I wish that I might go with you to the Yukon, and to Alaska. In these days of planes and cars, distances seem nothing. That, perhaps, is the reason why this is my first trip to Canada. One always goes to the nearest places last. But, of course, both in Quebec and here, when anybody has spoken of my visit to this Capital, I cannot help remembering that I started coming to Canada 59 years ago—and meant to every year since.
I won't express any preference for the seaboard or the interior, but the seaboard is a very charming place. And its fish, while of a different character, are just as beautiful as the fish of Georgian Bay.
I have never been in the Northwest.
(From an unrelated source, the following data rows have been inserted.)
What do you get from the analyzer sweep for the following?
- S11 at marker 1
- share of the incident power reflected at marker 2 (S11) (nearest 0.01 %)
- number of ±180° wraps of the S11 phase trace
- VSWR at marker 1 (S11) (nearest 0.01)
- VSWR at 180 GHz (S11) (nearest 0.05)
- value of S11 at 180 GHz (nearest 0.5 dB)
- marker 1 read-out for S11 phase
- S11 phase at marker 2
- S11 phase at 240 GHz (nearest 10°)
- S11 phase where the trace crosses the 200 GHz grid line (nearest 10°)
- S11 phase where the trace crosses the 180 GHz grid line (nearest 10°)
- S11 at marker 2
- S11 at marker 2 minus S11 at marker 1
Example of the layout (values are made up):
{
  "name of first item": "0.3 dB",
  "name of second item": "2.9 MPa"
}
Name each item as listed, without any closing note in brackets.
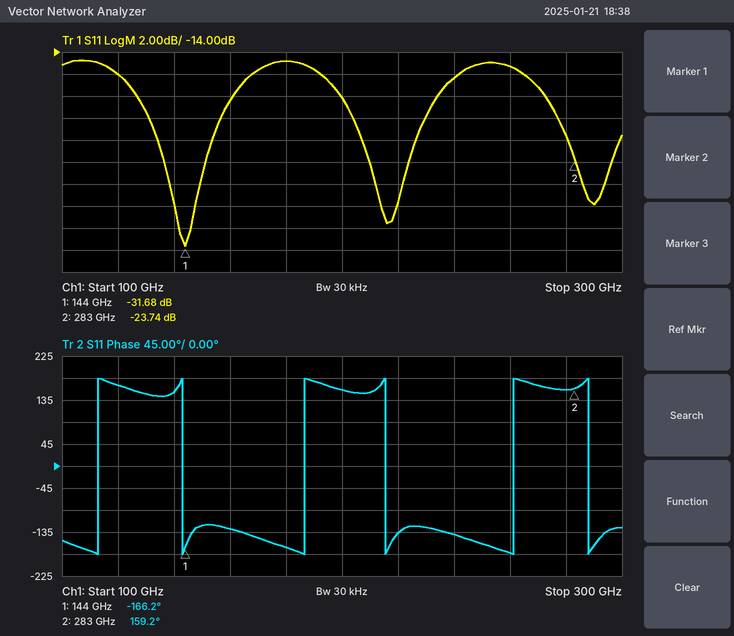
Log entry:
{
  "S11 at marker 1": "-31.68 dB",
  "share of the incident power reflected at marker 2 (S11)": "0.42 %",
  "number of ±180° wraps of the S11 phase trace": "6",
  "VSWR at marker 1 (S11)": "1.05",
  "VSWR at 180 GHz (S11)": "1.45",
  "value of S11 at 180 GHz": "-15.0 dB",
  "marker 1 read-out for S11 phase": "-166.2°",
  "S11 phase at marker 2": "159.2°",
  "S11 phase at 240 GHz": "-140°",
  "S11 phase where the trace crosses the 200 GHz grid line": "160°",
  "S11 phase where the trace crosses the 180 GHz grid line": "-170°",
  "S11 at marker 2": "-23.74 dB",
  "S11 at marker 2 minus S11 at marker 1": "7.94 dB"
}

I am one of those amphibious creatures who has visited Victoria, but never Vancouver; so I have a great deal still to see. Mr. King has talked with me for many years about going to see the Prairie States. I have never had that opportunity.
As a matter of fact, four years ago, when the King and Queen were here and came to Hyde Park, he was able to tell me far more about Canada as a whole than I knew from my own experience. And I hope very much that because I have had the privilege of knowing you for a great many years, that he will come over again one of these days—the sooner the better—to visit you, and visit us below the line.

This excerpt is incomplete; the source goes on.